In the borderlands of the empire a new poetic of political and decolonizing resistance is developed, as the late Gloria Anzaldúa so hauntingly perceived:

“In the Borderlands
you are the battleground
where enemies are kin to each other;
you are at home, a stranger . . .
To survive in the Borderlands
you must live sin fronteras
be a crossroads.”

[1] José Trías Monge, Puerto Rico: The Trials of the Oldest Colony in the World (New Haven: Yale University Press, 1997).

[2] Edward Said, Out of Place: A Memoir (New York: Knopf, 1999).

[3] James C. Scott, Domination and the Arts of Resistance: Hidden Transcripts (New Haven, CT: Yale University Press, 1990), 18.

[4] Franz Fanon, Peau Noir, Masques Blancs (Paris: Éditions du Seuil, 1952).

[5] This was the case for two creative Caribbean writers, marginalized and despised in their homelands, the Cuban Reinaldo Arenas and the Puerto Rican Manuel Ramos-Otero, who found in New York a wider horizon for their literary talents, a greater realm of personal freedom, and AIDS related death. See Rubén Ríos-Avila, “Caribbean Dislocations: Arenas and Ramos Otero in New York,” in Sylvia Molloy and Robert M. Irwin, eds., Hispanisms and Homosexualities (Durham, NC: Duke University Press, 1998), 101-122.

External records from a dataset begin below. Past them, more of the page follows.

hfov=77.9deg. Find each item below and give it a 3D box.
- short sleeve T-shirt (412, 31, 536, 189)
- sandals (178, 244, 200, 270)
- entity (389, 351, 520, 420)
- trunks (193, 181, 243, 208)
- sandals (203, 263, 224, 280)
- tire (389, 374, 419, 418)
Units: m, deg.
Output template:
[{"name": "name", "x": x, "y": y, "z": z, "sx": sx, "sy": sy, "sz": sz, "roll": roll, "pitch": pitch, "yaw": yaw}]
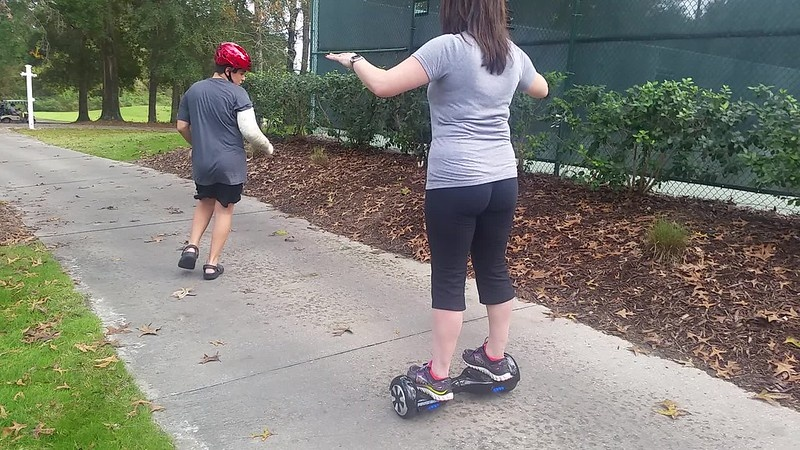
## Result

[6] Jason DeParle, “The Sea Swallows People,” The New York Review of Books, Vol. LXIV, No. 3, February 23, 2017, 31.

[7] John Bowe, Nobodies: Modern American Slave Labor and the Dark Side of the New Global Economy (New York: Random House, 2007); Kevin Bales, Disposable People: New Slavery in the Global Economy (Berkeley, CA: University of California Press, 2004); Zygmunt Bauman, Wasted Lives: Modernity and Its Outcasts (Cambridge: Polity, 2004).

[8] Samuel P. Huntington, Who Are We? The Challenges to America’s National Identity (New York: Simon & Schuster, 2004), 243.